**What the task asks**
How many of the lines below include "computer"? Give the number and no other words.
====== Excerpted records
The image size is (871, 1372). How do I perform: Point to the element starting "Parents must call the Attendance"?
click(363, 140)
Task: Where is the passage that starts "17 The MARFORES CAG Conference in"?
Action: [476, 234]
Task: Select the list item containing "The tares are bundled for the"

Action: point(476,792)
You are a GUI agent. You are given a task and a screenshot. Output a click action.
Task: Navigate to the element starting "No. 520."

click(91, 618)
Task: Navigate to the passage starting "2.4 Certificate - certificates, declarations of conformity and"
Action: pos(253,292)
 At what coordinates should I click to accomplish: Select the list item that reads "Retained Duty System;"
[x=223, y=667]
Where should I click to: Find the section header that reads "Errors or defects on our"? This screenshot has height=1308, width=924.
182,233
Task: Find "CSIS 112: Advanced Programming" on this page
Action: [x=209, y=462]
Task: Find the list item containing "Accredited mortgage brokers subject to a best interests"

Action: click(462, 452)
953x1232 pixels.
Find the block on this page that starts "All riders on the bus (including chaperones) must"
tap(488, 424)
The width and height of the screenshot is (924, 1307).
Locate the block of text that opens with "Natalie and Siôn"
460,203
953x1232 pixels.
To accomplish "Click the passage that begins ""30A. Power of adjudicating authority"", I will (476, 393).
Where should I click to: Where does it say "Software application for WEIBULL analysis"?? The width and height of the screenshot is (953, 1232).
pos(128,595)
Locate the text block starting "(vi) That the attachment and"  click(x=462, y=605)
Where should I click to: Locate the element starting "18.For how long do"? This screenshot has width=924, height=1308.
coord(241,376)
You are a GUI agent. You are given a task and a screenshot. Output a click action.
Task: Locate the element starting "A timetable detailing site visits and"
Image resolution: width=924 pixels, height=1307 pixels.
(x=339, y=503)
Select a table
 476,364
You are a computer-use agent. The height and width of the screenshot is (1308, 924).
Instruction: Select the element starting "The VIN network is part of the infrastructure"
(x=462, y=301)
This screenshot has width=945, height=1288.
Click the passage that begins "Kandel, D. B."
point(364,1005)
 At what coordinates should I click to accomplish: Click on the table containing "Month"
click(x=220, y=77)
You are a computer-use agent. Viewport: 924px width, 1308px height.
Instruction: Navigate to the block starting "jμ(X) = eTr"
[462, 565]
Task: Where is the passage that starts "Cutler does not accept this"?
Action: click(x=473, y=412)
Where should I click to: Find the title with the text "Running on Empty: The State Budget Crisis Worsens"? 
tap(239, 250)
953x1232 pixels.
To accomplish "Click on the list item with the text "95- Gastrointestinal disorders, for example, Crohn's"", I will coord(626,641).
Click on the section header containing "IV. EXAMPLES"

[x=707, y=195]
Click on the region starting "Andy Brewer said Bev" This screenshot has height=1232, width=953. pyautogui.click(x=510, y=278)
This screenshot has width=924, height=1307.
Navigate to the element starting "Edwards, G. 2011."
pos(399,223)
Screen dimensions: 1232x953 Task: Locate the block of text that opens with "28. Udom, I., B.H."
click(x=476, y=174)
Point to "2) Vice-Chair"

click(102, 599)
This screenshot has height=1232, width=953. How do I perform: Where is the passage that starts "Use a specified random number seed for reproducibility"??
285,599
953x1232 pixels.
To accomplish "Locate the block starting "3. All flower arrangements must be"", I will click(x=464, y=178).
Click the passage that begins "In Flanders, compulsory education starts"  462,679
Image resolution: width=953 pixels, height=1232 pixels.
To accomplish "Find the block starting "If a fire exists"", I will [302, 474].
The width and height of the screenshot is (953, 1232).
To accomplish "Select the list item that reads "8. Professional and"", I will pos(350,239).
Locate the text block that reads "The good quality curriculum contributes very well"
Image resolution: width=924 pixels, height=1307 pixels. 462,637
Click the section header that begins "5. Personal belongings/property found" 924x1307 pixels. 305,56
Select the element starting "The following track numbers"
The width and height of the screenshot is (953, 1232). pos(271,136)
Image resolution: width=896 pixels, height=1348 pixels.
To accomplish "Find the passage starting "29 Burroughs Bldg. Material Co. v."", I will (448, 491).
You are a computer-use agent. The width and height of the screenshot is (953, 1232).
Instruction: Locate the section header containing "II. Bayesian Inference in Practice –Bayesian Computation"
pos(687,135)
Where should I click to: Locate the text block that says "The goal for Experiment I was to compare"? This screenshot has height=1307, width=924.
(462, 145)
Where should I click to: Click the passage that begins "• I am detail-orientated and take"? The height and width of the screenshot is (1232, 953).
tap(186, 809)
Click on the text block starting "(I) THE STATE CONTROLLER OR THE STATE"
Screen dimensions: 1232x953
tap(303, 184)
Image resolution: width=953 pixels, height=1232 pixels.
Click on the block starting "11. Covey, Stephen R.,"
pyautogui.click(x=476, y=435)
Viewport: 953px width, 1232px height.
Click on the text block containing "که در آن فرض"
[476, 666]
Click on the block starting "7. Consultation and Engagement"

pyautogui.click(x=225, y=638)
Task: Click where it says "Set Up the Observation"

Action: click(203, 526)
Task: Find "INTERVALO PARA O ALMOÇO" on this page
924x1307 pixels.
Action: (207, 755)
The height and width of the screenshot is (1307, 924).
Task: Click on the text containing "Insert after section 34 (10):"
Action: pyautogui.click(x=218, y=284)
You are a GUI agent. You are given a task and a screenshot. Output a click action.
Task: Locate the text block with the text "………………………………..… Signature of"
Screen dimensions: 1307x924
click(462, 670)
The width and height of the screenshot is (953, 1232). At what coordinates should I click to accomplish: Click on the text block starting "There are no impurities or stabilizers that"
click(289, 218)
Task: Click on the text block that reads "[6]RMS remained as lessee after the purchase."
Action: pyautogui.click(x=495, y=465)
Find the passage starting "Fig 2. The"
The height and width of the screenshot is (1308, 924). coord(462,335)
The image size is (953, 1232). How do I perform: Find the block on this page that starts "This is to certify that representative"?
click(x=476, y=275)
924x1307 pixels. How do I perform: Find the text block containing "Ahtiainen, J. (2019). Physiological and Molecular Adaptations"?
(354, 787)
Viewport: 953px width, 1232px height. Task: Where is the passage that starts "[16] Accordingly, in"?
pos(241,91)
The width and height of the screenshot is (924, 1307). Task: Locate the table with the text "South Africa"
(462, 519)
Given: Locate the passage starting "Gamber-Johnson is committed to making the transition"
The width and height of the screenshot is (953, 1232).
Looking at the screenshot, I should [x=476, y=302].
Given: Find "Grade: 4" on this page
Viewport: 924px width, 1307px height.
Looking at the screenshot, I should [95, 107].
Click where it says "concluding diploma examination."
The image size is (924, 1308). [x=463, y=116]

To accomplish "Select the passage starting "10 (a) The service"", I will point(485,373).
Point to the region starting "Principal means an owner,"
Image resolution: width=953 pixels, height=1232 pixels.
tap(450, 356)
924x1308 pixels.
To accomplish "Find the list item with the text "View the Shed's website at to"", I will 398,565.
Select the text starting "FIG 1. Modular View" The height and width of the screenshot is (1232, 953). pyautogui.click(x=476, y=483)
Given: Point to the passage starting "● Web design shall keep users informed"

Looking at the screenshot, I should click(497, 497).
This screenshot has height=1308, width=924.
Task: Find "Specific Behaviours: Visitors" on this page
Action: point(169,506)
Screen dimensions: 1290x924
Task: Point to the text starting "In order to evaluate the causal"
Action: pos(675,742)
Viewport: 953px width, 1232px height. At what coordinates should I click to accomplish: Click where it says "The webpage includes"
============
**Output for this task**
3